Let V be $n$-Dimensional ($n\ge1$) inner product space .
Let $T:V \rightarrow V$ be a linear map which maintains $ T^2=T$ , $\forall v \in V\ ||Tv||\le||v||$.
Prove that there is exists a subspace $U\subseteq V$ ,$0 \le dimU\le n $, such that T is the Orthogonal projection on U.
I tried to prove that $ImT \perp KerT $.But I don't know how to use the fact that $||Tv||\le||v||$.Maybe Cauchy–Schwarz inequality can helps somehow ?

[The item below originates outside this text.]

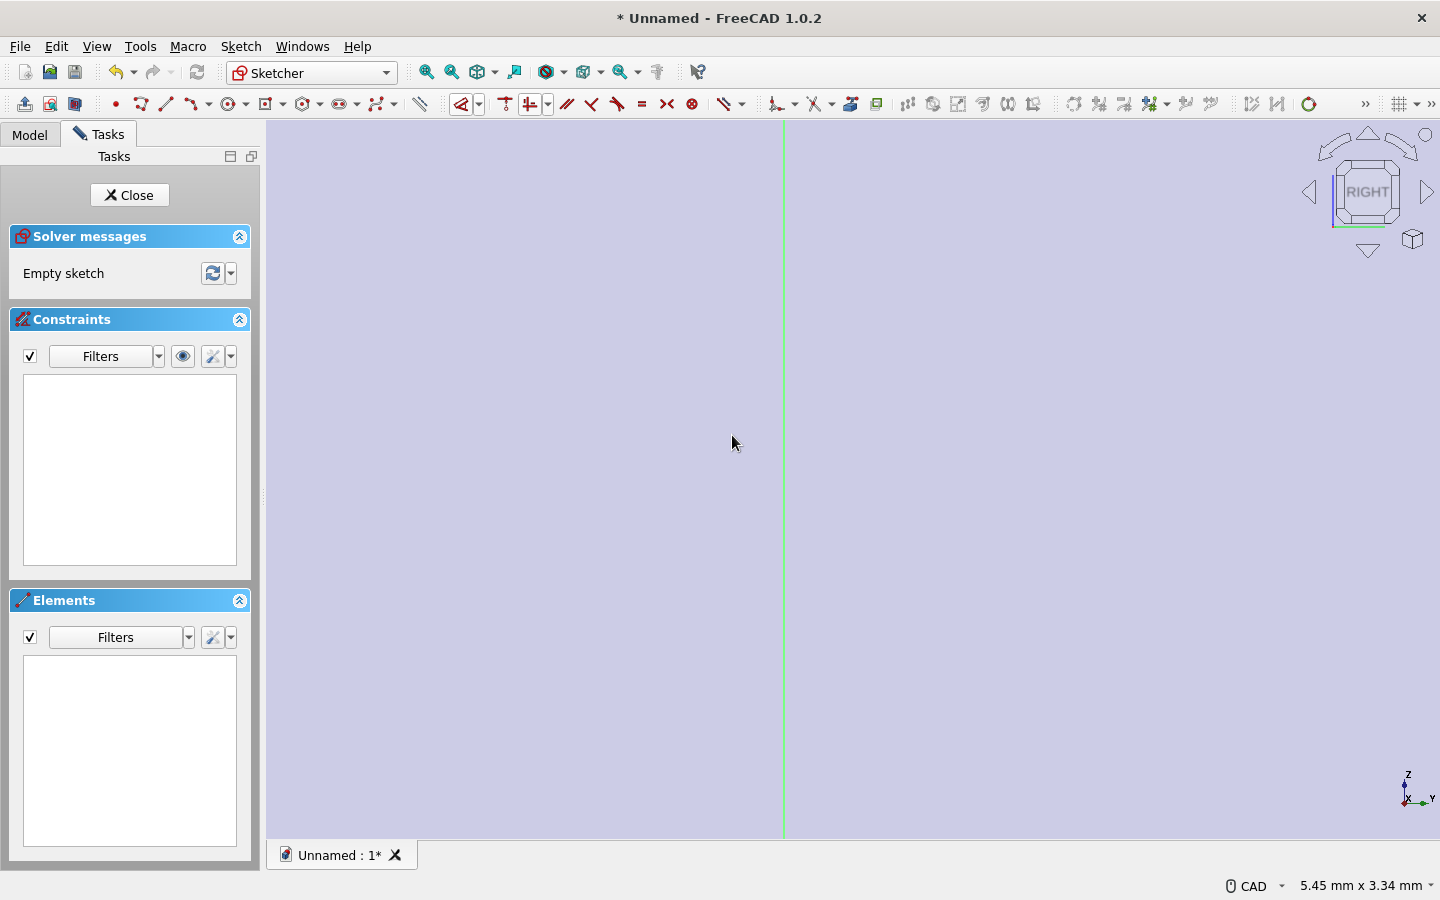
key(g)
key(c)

Your idea is good, let's start defining those quantities
$$Im(T) = \{ x \in V : x = Tv, v \in V \}$$
$$Ker(T) = \{ y \in V : Ty = 0 \}.$$
We need to show that for any $x \in Im(T)$ and $y \in Ker(T)$ we must have $\left < x, y\right > = 0.$
As $x \in Im(T)$, there is a $v \in V$ such that $$x = Tv.$$
By the idempotent property, we also have
$$T(x) = T(Tv) = Tv = x. $$
and since $y \in Ker(T)$ we get $T(x + ay) = T(x) + aT(y) = T(x) = x$ for any scalar $a$.
Using the inequality we get $\| x \| = \| T(x+ ay) \| \leq \|x + ay \|.$
As the above is true for an arbitrary chosen $a$, the result now follows.